* **The problem**: Nothing except the pictures should be left out when you reproduce the listing exactly.
━━━━━━━━━━━━━━━━
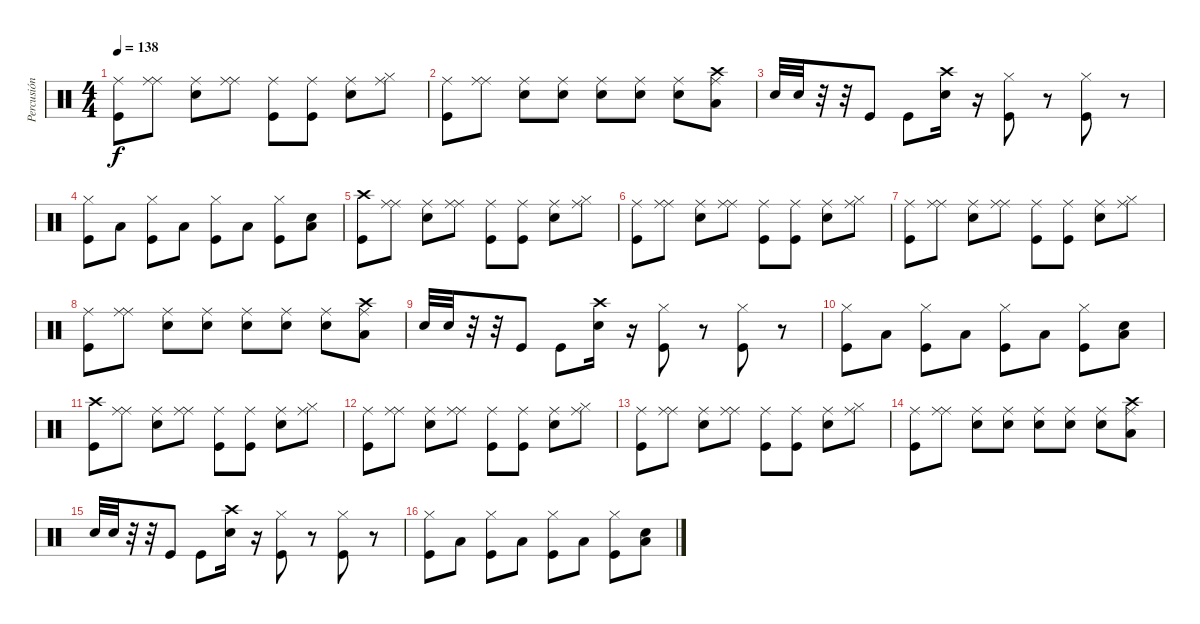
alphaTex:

\track ("Percusión" "Percusión") {instrument percussion}
\staff {score}
\articulation defaults
\ts (4 4)
\tempo 138
\clef neutral
\ks c
("Ride (middle)" "Kick (hit)").8{dy f} ("Ride (middle)" "Ride (middle)").8 ("Ride (middle)" "Snare (hit) 2").8 ("Ride (middle)" "Ride (middle)").8 ("Ride (middle)" "Kick (hit)").8 ("Ride (middle)" "Kick (hit)").8 ("Ride (middle)" "Snare (hit) 2").8 ("Ride (middle)" "Hi-Hat (closed)").8 |
("Ride (middle)" "Kick (hit)").8 ("Ride (middle)" "Ride (middle)").8 ("Ride (middle)" "Snare (hit) 2").8 ("Ride (middle)" "Snare (hit) 2").8 ("Ride (middle)" "Snare (hit) 2").8 ("Ride (middle)" "Snare (hit) 2").8 ("Ride (middle)" "Snare (hit) 2").8 ("Ride (middle)" "Low Tom (hit)" "Crash high (hit)").8 |
"Snare (hit) 2".32 "Snare (hit) 2".32 r.32 r.32 "Kick (hit)".8 "Kick (hit)".8 ("Crash high (hit)" "Snare (hit) 2").16 r.16 ("Hi-Hat (closed)" "Kick (hit)").8 r.8 ("Hi-Hat (closed)" "Kick (hit)").8 r.8 |
("Hi-Hat (closed)" "Kick (hit)").8 "Low Tom (hit)".8 ("Hi-Hat (closed)" "Kick (hit)").8 "Low Floor Tom (hit)".8 ("Hi-Hat (closed)" "Kick (hit)").8 "Low Floor Tom (hit)".8 ("Hi-Hat (closed)" "Kick (hit)").8 ("Low Floor Tom (hit)" "Snare (hit) 2").8 |
("Crash high (hit)" "Kick (hit)").8 ("Ride (middle)" "Ride (middle)").8 ("Ride (middle)" "Snare (hit) 2").8 ("Ride (middle)" "Ride (middle)").8 ("Ride (middle)" "Kick (hit)").8 ("Ride (middle)" "Kick (hit)").8 ("Ride (middle)" "Snare (hit) 2").8 ("Ride (middle)" "Hi-Hat (closed)").8 |
("Ride (middle)" "Kick (hit)").8 ("Ride (middle)" "Ride (middle)").8 ("Ride (middle)" "Snare (hit) 2").8 ("Ride (middle)" "Ride (middle)").8 ("Ride (middle)" "Kick (hit)").8 ("Ride (middle)" "Kick (hit)").8 ("Ride (middle)" "Snare (hit) 2").8 ("Ride (middle)" "Hi-Hat (closed)").8 |
("Ride (middle)" "Kick (hit)").8 ("Ride (middle)" "Ride (middle)").8 ("Ride (middle)" "Snare (hit) 2").8 ("Ride (middle)" "Ride (middle)").8 ("Ride (middle)" "Kick (hit)").8 ("Ride (middle)" "Kick (hit)").8 ("Ride (middle)" "Snare (hit) 2").8 ("Ride (middle)" "Hi-Hat (closed)").8 |
("Ride (middle)" "Kick (hit)").8 ("Ride (middle)" "Ride (middle)").8 ("Ride (middle)" "Snare (hit) 2").8 ("Ride (middle)" "Snare (hit) 2").8 ("Ride (middle)" "Snare (hit) 2").8 ("Ride (middle)" "Snare (hit) 2").8 ("Ride (middle)" "Snare (hit) 2").8 ("Ride (middle)" "Low Tom (hit)" "Crash high (hit)").8 |
"Snare (hit) 2".32 "Snare (hit) 2".32 r.32 r.32 "Kick (hit)".8 "Kick (hit)".8 ("Crash high (hit)" "Snare (hit) 2").16 r.16 ("Hi-Hat (closed)" "Kick (hit)").8 r.8 ("Hi-Hat (closed)" "Kick (hit)").8 r.8 |
("Hi-Hat (closed)" "Kick (hit)").8 "Low Tom (hit)".8 ("Hi-Hat (closed)" "Kick (hit)").8 "Low Floor Tom (hit)".8 ("Hi-Hat (closed)" "Kick (hit)").8 "Low Floor Tom (hit)".8 ("Hi-Hat (closed)" "Kick (hit)").8 ("Low Floor Tom (hit)" "Snare (hit) 2").8 |
("Crash high (hit)" "Kick (hit)").8 ("Ride (middle)" "Ride (middle)").8 ("Ride (middle)" "Snare (hit) 2").8 ("Ride (middle)" "Ride (middle)").8 ("Ride (middle)" "Kick (hit)").8 ("Ride (middle)" "Kick (hit)").8 ("Ride (middle)" "Snare (hit) 2").8 ("Ride (middle)" "Hi-Hat (closed)").8 |
("Ride (middle)" "Kick (hit)").8 ("Ride (middle)" "Ride (middle)").8 ("Ride (middle)" "Snare (hit) 2").8 ("Ride (middle)" "Ride (middle)").8 ("Ride (middle)" "Kick (hit)").8 ("Ride (middle)" "Kick (hit)").8 ("Ride (middle)" "Snare (hit) 2").8 ("Ride (middle)" "Hi-Hat (closed)").8 |
("Ride (middle)" "Kick (hit)").8 ("Ride (middle)" "Ride (middle)").8 ("Ride (middle)" "Snare (hit) 2").8 ("Ride (middle)" "Ride (middle)").8 ("Ride (middle)" "Kick (hit)").8 ("Ride (middle)" "Kick (hit)").8 ("Ride (middle)" "Snare (hit) 2").8 ("Ride (middle)" "Hi-Hat (closed)").8 |
("Ride (middle)" "Kick (hit)").8 ("Ride (middle)" "Ride (middle)").8 ("Ride (middle)" "Snare (hit) 2").8 ("Ride (middle)" "Snare (hit) 2").8 ("Ride (middle)" "Snare (hit) 2").8 ("Ride (middle)" "Snare (hit) 2").8 ("Ride (middle)" "Snare (hit) 2").8 ("Ride (middle)" "Low Tom (hit)" "Crash high (hit)").8 |
"Snare (hit) 2".32 "Snare (hit) 2".32 r.32 r.32 "Kick (hit)".8 "Kick (hit)".8 ("Crash high (hit)" "Snare (hit) 2").16 r.16 ("Hi-Hat (closed)" "Kick (hit)").8 r.8 ("Hi-Hat (closed)" "Kick (hit)").8 r.8 |
("Hi-Hat (closed)" "Kick (hit)").8 "Low Tom (hit)".8 ("Hi-Hat (closed)" "Kick (hit)").8 "Low Floor Tom (hit)".8 ("Hi-Hat (closed)" "Kick (hit)").8 "Low Floor Tom (hit)".8 ("Hi-Hat (closed)" "Kick (hit)").8 ("Low Floor Tom (hit)" "Snare (hit) 2").8
━━━━━━━━━━━━━━━━
* **Exercise answer**:
alphaTex:

\track ("Percusión" "Percusión") {instrument percussion}
\staff {score}
\articulation defaults
\ts (4 4)
\tempo 138
\clef neutral
\ks c
("Ride (middle)" "Kick (hit)").8{dy f} ("Ride (middle)" "Ride (middle)").8 ("Ride (middle)" "Snare (hit) 2").8 ("Ride (middle)" "Ride (middle)").8 ("Ride (middle)" "Kick (hit)").8 ("Ride (middle)" "Kick (hit)").8 ("Ride (middle)" "Snare (hit) 2").8 ("Ride (middle)" "Hi-Hat (closed)").8 |
("Ride (middle)" "Kick (hit)").8 ("Ride (middle)" "Ride (middle)").8 ("Ride (middle)" "Snare (hit) 2").8 ("Ride (middle)" "Snare (hit) 2").8 ("Ride (middle)" "Snare (hit) 2").8 ("Ride (middle)" "Snare (hit) 2").8 ("Ride (middle)" "Snare (hit) 2").8 ("Ride (middle)" "Low Tom (hit)" "Crash high (hit)").8 |
"Snare (hit) 2".32 "Snare (hit) 2".32 r.32 r.32 "Kick (hit)".8 "Kick (hit)".8 ("Crash high (hit)" "Snare (hit) 2").16 r.16 ("Hi-Hat (closed)" "Kick (hit)").8 r.8 ("Hi-Hat (closed)" "Kick (hit)").8 r.8 |
("Hi-Hat (closed)" "Kick (hit)").8 "Low Tom (hit)".8 ("Hi-Hat (closed)" "Kick (hit)").8 "Low Floor Tom (hit)".8 ("Hi-Hat (closed)" "Kick (hit)").8 "Low Floor Tom (hit)".8 ("Hi-Hat (closed)" "Kick (hit)").8 ("Low Floor Tom (hit)" "Snare (hit) 2").8 |
("Crash high (hit)" "Kick (hit)").8 ("Ride (middle)" "Ride (middle)").8 ("Ride (middle)" "Snare (hit) 2").8 ("Ride (middle)" "Ride (middle)").8 ("Ride (middle)" "Kick (hit)").8 ("Ride (middle)" "Kick (hit)").8 ("Ride (middle)" "Snare (hit) 2").8 ("Ride (middle)" "Hi-Hat (closed)").8 |
("Ride (middle)" "Kick (hit)").8 ("Ride (middle)" "Ride (middle)").8 ("Ride (middle)" "Snare (hit) 2").8 ("Ride (middle)" "Ride (middle)").8 ("Ride (middle)" "Kick (hit)").8 ("Ride (middle)" "Kick (hit)").8 ("Ride (middle)" "Snare (hit) 2").8 ("Ride (middle)" "Hi-Hat (closed)").8 |
("Ride (middle)" "Kick (hit)").8 ("Ride (middle)" "Ride (middle)").8 ("Ride (middle)" "Snare (hit) 2").8 ("Ride (middle)" "Ride (middle)").8 ("Ride (middle)" "Kick (hit)").8 ("Ride (middle)" "Kick (hit)").8 ("Ride (middle)" "Snare (hit) 2").8 ("Ride (middle)" "Hi-Hat (closed)").8 |
("Ride (middle)" "Kick (hit)").8 ("Ride (middle)" "Ride (middle)").8 ("Ride (middle)" "Snare (hit) 2").8 ("Ride (middle)" "Snare (hit) 2").8 ("Ride (middle)" "Snare (hit) 2").8 ("Ride (middle)" "Snare (hit) 2").8 ("Ride (middle)" "Snare (hit) 2").8 ("Ride (middle)" "Low Tom (hit)" "Crash high (hit)").8 |
"Snare (hit) 2".32 "Snare (hit) 2".32 r.32 r.32 "Kick (hit)".8 "Kick (hit)".8 ("Crash high (hit)" "Snare (hit) 2").16 r.16 ("Hi-Hat (closed)" "Kick (hit)").8 r.8 ("Hi-Hat (closed)" "Kick (hit)").8 r.8 |
("Hi-Hat (closed)" "Kick (hit)").8 "Low Tom (hit)".8 ("Hi-Hat (closed)" "Kick (hit)").8 "Low Floor Tom (hit)".8 ("Hi-Hat (closed)" "Kick (hit)").8 "Low Floor Tom (hit)".8 ("Hi-Hat (closed)" "Kick (hit)").8 ("Low Floor Tom (hit)" "Snare (hit) 2").8 |
("Crash high (hit)" "Kick (hit)").8 ("Ride (middle)" "Ride (middle)").8 ("Ride (middle)" "Snare (hit) 2").8 ("Ride (middle)" "Ride (middle)").8 ("Ride (middle)" "Kick (hit)").8 ("Ride (middle)" "Kick (hit)").8 ("Ride (middle)" "Snare (hit) 2").8 ("Ride (middle)" "Hi-Hat (closed)").8 |
("Ride (middle)" "Kick (hit)").8 ("Ride (middle)" "Ride (middle)").8 ("Ride (middle)" "Snare (hit) 2").8 ("Ride (middle)" "Ride (middle)").8 ("Ride (middle)" "Kick (hit)").8 ("Ride (middle)" "Kick (hit)").8 ("Ride (middle)" "Snare (hit) 2").8 ("Ride (middle)" "Hi-Hat (closed)").8 |
("Ride (middle)" "Kick (hit)").8 ("Ride (middle)" "Ride (middle)").8 ("Ride (middle)" "Snare (hit) 2").8 ("Ride (middle)" "Ride (middle)").8 ("Ride (middle)" "Kick (hit)").8 ("Ride (middle)" "Kick (hit)").8 ("Ride (middle)" "Snare (hit) 2").8 ("Ride (middle)" "Hi-Hat (closed)").8 |
("Ride (middle)" "Kick (hit)").8 ("Ride (middle)" "Ride (middle)").8 ("Ride (middle)" "Snare (hit) 2").8 ("Ride (middle)" "Snare (hit) 2").8 ("Ride (middle)" "Snare (hit) 2").8 ("Ride (middle)" "Snare (hit) 2").8 ("Ride (middle)" "Snare (hit) 2").8 ("Ride (middle)" "Low Tom (hit)" "Crash high (hit)").8 |
"Snare (hit) 2".32 "Snare (hit) 2".32 r.32 r.32 "Kick (hit)".8 "Kick (hit)".8 ("Crash high (hit)" "Snare (hit) 2").16 r.16 ("Hi-Hat (closed)" "Kick (hit)").8 r.8 ("Hi-Hat (closed)" "Kick (hit)").8 r.8 |
("Hi-Hat (closed)" "Kick (hit)").8 "Low Tom (hit)".8 ("Hi-Hat (closed)" "Kick (hit)").8 "Low Floor Tom (hit)".8 ("Hi-Hat (closed)" "Kick (hit)").8 "Low Floor Tom (hit)".8 ("Hi-Hat (closed)" "Kick (hit)").8 ("Low Floor Tom (hit)" "Snare (hit) 2").8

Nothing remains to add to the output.